*** Opening of Data excerpts ***

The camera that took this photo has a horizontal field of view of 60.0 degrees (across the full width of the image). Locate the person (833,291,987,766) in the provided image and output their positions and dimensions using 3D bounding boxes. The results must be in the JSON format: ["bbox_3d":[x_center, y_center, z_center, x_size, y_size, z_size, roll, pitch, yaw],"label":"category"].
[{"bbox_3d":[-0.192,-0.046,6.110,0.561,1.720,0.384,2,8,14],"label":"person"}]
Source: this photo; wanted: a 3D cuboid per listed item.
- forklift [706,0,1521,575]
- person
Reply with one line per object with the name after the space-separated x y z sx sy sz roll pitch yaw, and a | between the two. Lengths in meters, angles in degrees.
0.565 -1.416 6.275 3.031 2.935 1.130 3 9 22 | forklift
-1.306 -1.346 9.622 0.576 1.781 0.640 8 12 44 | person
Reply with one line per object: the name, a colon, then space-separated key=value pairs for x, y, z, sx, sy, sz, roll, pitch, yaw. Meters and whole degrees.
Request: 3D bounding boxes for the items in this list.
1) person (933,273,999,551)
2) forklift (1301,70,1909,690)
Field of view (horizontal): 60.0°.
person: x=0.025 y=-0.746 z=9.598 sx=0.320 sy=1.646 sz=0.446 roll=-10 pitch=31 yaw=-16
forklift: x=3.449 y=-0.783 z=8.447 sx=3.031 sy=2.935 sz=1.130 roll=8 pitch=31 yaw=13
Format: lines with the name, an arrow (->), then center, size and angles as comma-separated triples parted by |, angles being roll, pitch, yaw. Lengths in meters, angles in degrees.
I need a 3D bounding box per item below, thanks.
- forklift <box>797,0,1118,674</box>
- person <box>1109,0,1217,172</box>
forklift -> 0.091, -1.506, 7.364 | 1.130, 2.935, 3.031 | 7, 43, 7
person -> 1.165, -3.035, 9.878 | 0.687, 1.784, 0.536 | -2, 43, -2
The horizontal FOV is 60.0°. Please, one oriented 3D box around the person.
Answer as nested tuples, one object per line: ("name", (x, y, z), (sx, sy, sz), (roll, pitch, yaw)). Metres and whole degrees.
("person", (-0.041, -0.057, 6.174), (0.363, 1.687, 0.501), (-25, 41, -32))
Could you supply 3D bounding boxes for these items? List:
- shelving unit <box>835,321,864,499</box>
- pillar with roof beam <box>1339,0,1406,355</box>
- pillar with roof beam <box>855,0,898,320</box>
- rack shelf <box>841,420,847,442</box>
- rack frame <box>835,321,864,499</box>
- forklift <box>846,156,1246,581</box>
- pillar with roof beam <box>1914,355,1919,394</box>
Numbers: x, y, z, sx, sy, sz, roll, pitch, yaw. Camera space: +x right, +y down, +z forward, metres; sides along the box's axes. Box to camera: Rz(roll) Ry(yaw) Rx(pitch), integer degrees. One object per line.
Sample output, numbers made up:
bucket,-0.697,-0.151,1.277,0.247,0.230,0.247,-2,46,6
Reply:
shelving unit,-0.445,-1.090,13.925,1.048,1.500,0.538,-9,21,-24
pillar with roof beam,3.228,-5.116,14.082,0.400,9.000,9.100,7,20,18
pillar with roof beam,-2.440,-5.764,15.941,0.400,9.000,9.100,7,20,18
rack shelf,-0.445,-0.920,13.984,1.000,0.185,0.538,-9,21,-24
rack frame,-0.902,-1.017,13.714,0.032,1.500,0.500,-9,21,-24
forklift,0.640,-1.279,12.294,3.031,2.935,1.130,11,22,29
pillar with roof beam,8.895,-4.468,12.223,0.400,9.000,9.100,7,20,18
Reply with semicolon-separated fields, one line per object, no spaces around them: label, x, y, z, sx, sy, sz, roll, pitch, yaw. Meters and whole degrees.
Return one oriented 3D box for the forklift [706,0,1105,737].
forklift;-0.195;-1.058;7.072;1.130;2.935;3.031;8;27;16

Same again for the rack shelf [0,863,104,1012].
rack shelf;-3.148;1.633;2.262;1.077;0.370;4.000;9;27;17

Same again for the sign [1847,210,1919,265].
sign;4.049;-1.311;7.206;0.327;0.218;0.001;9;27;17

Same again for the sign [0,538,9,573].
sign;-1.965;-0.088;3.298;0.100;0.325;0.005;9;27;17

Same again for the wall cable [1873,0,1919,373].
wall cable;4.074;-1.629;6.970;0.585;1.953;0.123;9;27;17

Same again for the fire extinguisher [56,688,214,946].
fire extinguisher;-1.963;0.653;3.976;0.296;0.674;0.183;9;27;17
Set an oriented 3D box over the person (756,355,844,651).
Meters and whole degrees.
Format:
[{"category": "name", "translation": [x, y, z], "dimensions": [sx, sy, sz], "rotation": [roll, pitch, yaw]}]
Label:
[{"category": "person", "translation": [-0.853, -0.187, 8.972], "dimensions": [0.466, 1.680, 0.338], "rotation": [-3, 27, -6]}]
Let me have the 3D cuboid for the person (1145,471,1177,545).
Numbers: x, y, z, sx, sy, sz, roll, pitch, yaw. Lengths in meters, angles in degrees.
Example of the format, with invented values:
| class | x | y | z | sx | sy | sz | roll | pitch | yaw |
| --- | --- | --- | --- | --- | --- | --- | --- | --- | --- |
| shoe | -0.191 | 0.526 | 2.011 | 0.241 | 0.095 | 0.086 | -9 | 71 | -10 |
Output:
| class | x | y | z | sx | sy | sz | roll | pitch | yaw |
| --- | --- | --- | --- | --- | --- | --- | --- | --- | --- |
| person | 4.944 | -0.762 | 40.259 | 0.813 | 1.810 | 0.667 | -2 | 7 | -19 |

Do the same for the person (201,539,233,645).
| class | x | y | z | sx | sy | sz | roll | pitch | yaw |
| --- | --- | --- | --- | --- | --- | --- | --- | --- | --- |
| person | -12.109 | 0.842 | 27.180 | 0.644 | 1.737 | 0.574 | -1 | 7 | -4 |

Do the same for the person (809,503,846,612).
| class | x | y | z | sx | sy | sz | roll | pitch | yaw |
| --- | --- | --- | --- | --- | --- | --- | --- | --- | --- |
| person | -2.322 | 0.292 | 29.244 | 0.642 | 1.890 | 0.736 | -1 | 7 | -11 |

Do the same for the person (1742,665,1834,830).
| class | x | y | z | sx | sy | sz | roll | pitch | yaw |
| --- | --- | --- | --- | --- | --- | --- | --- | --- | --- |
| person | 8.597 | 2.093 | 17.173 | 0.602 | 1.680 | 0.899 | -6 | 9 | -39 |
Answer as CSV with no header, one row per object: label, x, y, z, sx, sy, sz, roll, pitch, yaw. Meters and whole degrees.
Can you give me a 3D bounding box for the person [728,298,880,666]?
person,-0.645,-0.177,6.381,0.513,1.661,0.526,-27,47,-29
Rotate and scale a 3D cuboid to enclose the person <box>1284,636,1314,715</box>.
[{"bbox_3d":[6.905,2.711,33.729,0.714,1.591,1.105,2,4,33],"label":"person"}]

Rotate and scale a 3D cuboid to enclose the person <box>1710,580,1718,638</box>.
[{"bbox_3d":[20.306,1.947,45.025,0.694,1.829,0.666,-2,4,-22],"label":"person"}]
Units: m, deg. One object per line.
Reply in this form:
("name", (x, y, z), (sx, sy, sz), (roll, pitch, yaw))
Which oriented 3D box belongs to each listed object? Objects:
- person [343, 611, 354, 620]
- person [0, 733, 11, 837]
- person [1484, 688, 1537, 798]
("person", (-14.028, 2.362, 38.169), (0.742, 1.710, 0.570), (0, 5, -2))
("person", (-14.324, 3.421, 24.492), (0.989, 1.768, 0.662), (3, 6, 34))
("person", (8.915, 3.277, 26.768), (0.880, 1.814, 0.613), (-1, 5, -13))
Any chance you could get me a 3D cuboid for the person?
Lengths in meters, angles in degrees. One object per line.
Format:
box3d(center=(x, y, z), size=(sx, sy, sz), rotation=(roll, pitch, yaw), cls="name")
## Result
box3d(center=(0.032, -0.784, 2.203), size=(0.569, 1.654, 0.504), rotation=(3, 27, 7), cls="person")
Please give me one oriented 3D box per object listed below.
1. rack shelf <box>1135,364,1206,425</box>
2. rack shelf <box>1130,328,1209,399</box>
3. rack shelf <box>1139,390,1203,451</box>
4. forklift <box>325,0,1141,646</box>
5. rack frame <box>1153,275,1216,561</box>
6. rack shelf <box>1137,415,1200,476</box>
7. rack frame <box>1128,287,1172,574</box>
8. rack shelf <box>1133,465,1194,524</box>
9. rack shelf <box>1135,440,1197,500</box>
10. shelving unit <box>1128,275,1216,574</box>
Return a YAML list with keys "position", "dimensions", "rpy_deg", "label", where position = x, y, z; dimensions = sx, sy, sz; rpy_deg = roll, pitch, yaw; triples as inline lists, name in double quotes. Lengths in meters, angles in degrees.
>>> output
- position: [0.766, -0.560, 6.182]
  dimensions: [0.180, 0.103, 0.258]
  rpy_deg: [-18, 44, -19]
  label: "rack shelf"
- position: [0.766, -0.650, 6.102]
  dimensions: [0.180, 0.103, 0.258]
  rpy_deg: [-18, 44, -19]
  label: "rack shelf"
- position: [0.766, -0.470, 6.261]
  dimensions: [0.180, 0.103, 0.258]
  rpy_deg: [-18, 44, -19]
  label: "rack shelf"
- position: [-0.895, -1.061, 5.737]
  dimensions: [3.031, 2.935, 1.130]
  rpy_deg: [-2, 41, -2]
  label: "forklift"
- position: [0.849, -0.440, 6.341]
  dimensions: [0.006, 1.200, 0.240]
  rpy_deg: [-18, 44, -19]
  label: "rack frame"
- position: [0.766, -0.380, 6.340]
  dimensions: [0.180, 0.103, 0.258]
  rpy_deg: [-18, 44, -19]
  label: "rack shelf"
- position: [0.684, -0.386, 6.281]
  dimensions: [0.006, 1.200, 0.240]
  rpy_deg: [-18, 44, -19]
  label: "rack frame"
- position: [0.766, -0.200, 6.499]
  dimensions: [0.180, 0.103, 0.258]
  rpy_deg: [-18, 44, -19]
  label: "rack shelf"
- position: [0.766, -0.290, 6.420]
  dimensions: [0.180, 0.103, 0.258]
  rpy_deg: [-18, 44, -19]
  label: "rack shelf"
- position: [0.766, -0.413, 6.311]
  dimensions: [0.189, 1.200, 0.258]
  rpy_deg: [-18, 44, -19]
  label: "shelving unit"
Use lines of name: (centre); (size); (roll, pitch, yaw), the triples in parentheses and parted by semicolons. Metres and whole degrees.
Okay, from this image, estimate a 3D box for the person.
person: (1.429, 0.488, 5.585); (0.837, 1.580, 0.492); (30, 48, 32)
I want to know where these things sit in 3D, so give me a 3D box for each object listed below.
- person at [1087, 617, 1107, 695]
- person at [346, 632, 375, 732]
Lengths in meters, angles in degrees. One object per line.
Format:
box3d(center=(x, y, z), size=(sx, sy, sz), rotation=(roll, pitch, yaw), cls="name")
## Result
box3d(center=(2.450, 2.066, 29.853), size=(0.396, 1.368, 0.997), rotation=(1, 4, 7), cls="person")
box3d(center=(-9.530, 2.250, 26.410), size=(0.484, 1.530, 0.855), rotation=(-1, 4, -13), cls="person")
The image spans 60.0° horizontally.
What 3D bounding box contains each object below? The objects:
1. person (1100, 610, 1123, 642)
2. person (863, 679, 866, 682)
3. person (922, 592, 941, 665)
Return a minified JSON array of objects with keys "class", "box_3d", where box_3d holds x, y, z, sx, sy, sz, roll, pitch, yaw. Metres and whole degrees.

*** Close of Data excerpts ***

- _Problem requirements_
Return every line from the entries that holds the string "below".

- _Exercise answer_
I need a 3D bounding box per item below, thanks.
Please give me one oriented 3D box per object listed below.
I want to know where these things sit in 3D, so give me a 3D box for each object listed below.
What 3D bounding box contains each object below? The objects:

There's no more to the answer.